Problem requirements: Nothing but the entries, copied exactly, should appear in the response.

(Data records)
=== Section Start ===
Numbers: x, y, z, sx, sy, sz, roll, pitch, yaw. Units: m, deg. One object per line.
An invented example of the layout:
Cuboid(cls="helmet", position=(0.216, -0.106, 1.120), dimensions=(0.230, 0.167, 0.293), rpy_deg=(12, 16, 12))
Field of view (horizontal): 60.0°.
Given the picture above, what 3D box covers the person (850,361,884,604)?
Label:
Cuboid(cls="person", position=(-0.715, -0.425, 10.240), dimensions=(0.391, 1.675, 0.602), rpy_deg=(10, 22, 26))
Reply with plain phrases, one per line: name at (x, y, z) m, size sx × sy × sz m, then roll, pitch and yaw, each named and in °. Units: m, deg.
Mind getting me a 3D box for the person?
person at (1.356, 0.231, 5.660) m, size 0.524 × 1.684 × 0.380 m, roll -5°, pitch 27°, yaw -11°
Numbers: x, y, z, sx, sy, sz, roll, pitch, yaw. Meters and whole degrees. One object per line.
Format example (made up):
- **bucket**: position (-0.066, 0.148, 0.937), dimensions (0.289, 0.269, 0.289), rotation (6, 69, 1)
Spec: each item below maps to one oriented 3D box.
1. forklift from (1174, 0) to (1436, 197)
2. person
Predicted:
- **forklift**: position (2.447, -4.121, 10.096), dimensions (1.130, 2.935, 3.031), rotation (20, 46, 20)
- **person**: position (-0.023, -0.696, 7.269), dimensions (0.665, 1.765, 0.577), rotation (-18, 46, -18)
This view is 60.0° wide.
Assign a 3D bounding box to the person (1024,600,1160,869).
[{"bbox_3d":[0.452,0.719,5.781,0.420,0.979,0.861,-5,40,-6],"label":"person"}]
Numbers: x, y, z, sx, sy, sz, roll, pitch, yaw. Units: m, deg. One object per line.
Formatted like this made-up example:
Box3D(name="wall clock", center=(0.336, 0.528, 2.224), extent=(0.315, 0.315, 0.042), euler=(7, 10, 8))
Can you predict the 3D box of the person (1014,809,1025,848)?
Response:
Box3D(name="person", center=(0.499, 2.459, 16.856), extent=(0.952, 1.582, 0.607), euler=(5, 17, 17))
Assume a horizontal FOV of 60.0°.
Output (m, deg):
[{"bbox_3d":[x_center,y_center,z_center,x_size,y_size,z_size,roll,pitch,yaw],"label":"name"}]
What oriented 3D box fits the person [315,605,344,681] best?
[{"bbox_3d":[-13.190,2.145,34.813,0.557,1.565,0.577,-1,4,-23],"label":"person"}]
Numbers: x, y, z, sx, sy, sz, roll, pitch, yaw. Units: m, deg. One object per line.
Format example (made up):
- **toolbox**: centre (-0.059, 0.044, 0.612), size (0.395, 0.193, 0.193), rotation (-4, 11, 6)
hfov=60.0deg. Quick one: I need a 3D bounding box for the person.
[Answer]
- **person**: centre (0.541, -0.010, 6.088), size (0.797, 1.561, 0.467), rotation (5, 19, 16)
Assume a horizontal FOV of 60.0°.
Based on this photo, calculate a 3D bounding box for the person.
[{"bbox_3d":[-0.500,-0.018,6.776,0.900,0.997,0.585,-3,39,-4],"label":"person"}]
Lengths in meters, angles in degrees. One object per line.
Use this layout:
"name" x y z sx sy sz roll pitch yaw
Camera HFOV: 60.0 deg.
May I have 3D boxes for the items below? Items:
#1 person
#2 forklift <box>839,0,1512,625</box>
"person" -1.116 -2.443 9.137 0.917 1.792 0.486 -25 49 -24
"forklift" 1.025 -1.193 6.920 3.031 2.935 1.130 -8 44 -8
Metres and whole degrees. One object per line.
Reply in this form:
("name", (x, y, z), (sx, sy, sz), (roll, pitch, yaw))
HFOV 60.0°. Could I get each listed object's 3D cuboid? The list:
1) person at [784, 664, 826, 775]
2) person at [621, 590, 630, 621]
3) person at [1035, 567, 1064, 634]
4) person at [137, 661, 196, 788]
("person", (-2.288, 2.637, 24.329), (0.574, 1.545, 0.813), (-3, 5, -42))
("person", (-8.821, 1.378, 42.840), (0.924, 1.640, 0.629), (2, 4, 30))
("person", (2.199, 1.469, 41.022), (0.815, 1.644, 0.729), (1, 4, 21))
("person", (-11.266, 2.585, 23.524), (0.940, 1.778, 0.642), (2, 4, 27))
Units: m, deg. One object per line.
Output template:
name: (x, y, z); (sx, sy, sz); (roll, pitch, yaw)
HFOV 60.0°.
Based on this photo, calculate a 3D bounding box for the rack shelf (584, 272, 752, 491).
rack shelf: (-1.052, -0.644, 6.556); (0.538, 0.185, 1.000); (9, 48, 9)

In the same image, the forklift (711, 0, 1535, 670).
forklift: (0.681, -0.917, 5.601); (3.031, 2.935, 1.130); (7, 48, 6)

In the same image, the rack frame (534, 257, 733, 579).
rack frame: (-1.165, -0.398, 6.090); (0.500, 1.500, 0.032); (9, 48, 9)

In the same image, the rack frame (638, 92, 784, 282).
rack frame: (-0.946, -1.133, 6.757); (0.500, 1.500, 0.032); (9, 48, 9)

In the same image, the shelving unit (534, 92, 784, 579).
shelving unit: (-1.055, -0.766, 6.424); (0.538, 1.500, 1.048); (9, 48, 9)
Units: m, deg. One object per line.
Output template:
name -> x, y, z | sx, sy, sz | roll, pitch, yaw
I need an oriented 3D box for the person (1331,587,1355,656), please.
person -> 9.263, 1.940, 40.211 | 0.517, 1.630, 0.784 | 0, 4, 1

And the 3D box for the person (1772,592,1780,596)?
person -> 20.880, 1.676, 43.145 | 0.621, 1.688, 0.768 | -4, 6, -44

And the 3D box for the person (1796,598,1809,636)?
=== Section End ===
Answer to this task:
Numbers: x, y, z, sx, sy, sz, roll, pitch, yaw. Units: m, deg. One object per line.
An invented example of the layout:
Cuboid(cls="helmet", position=(0.216, -0.106, 1.120), dimensions=(0.230, 0.167, 0.293), rpy_deg=(12, 16, 12))
Field of view (horizontal): 60.0°.
Given the picture above, what 3D box covers the person (850,361,884,604)?
Label:
Cuboid(cls="person", position=(-0.715, -0.425, 10.240), dimensions=(0.391, 1.675, 0.602), rpy_deg=(10, 22, 26))
Reply with plain phrases, one per line: name at (x, y, z) m, size sx × sy × sz m, then roll, pitch and yaw, each named and in °. Units: m, deg.
Mind getting me a 3D box for the person?
person at (1.356, 0.231, 5.660) m, size 0.524 × 1.684 × 0.380 m, roll -5°, pitch 27°, yaw -11°
Numbers: x, y, z, sx, sy, sz, roll, pitch, yaw. Meters and whole degrees. One object per line.
Format example (made up):
- **bucket**: position (-0.066, 0.148, 0.937), dimensions (0.289, 0.269, 0.289), rotation (6, 69, 1)
Spec: each item below maps to one oriented 3D box.
1. forklift from (1174, 0) to (1436, 197)
2. person
Predicted:
- **forklift**: position (2.447, -4.121, 10.096), dimensions (1.130, 2.935, 3.031), rotation (20, 46, 20)
- **person**: position (-0.023, -0.696, 7.269), dimensions (0.665, 1.765, 0.577), rotation (-18, 46, -18)
This view is 60.0° wide.
Assign a 3D bounding box to the person (1024,600,1160,869).
[{"bbox_3d":[0.452,0.719,5.781,0.420,0.979,0.861,-5,40,-6],"label":"person"}]
Numbers: x, y, z, sx, sy, sz, roll, pitch, yaw. Units: m, deg. One object per line.
Formatted like this made-up example:
Box3D(name="wall clock", center=(0.336, 0.528, 2.224), extent=(0.315, 0.315, 0.042), euler=(7, 10, 8))
Can you predict the 3D box of the person (1014,809,1025,848)?
Response:
Box3D(name="person", center=(0.499, 2.459, 16.856), extent=(0.952, 1.582, 0.607), euler=(5, 17, 17))
Assume a horizontal FOV of 60.0°.
Output (m, deg):
[{"bbox_3d":[x_center,y_center,z_center,x_size,y_size,z_size,roll,pitch,yaw],"label":"name"}]
What oriented 3D box fits the person [315,605,344,681] best?
[{"bbox_3d":[-13.190,2.145,34.813,0.557,1.565,0.577,-1,4,-23],"label":"person"}]
Numbers: x, y, z, sx, sy, sz, roll, pitch, yaw. Units: m, deg. One object per line.
Format example (made up):
- **toolbox**: centre (-0.059, 0.044, 0.612), size (0.395, 0.193, 0.193), rotation (-4, 11, 6)
hfov=60.0deg. Quick one: I need a 3D bounding box for the person.
[Answer]
- **person**: centre (0.541, -0.010, 6.088), size (0.797, 1.561, 0.467), rotation (5, 19, 16)
Assume a horizontal FOV of 60.0°.
Based on this photo, calculate a 3D bounding box for the person.
[{"bbox_3d":[-0.500,-0.018,6.776,0.900,0.997,0.585,-3,39,-4],"label":"person"}]
Lengths in meters, angles in degrees. One object per line.
Use this layout:
"name" x y z sx sy sz roll pitch yaw
Camera HFOV: 60.0 deg.
May I have 3D boxes for the items below? Items:
#1 person
#2 forklift <box>839,0,1512,625</box>
"person" -1.116 -2.443 9.137 0.917 1.792 0.486 -25 49 -24
"forklift" 1.025 -1.193 6.920 3.031 2.935 1.130 -8 44 -8
Metres and whole degrees. One object per line.
Reply in this form:
("name", (x, y, z), (sx, sy, sz), (roll, pitch, yaw))
HFOV 60.0°. Could I get each listed object's 3D cuboid? The list:
1) person at [784, 664, 826, 775]
2) person at [621, 590, 630, 621]
3) person at [1035, 567, 1064, 634]
4) person at [137, 661, 196, 788]
("person", (-2.288, 2.637, 24.329), (0.574, 1.545, 0.813), (-3, 5, -42))
("person", (-8.821, 1.378, 42.840), (0.924, 1.640, 0.629), (2, 4, 30))
("person", (2.199, 1.469, 41.022), (0.815, 1.644, 0.729), (1, 4, 21))
("person", (-11.266, 2.585, 23.524), (0.940, 1.778, 0.642), (2, 4, 27))
Units: m, deg. One object per line.
Output template:
name: (x, y, z); (sx, sy, sz); (roll, pitch, yaw)
HFOV 60.0°.
Based on this photo, calculate a 3D bounding box for the rack shelf (584, 272, 752, 491).
rack shelf: (-1.052, -0.644, 6.556); (0.538, 0.185, 1.000); (9, 48, 9)

In the same image, the forklift (711, 0, 1535, 670).
forklift: (0.681, -0.917, 5.601); (3.031, 2.935, 1.130); (7, 48, 6)

In the same image, the rack frame (534, 257, 733, 579).
rack frame: (-1.165, -0.398, 6.090); (0.500, 1.500, 0.032); (9, 48, 9)

In the same image, the rack frame (638, 92, 784, 282).
rack frame: (-0.946, -1.133, 6.757); (0.500, 1.500, 0.032); (9, 48, 9)

In the same image, the shelving unit (534, 92, 784, 579).
shelving unit: (-1.055, -0.766, 6.424); (0.538, 1.500, 1.048); (9, 48, 9)
Units: m, deg. One object per line.
Output template:
name -> x, y, z | sx, sy, sz | roll, pitch, yaw
I need an oriented 3D box for the person (1331,587,1355,656), please.
person -> 9.263, 1.940, 40.211 | 0.517, 1.630, 0.784 | 0, 4, 1

And the 3D box for the person (1772,592,1780,596)?
person -> 20.880, 1.676, 43.145 | 0.621, 1.688, 0.768 | -4, 6, -44

And the 3D box for the person (1796,598,1809,636)?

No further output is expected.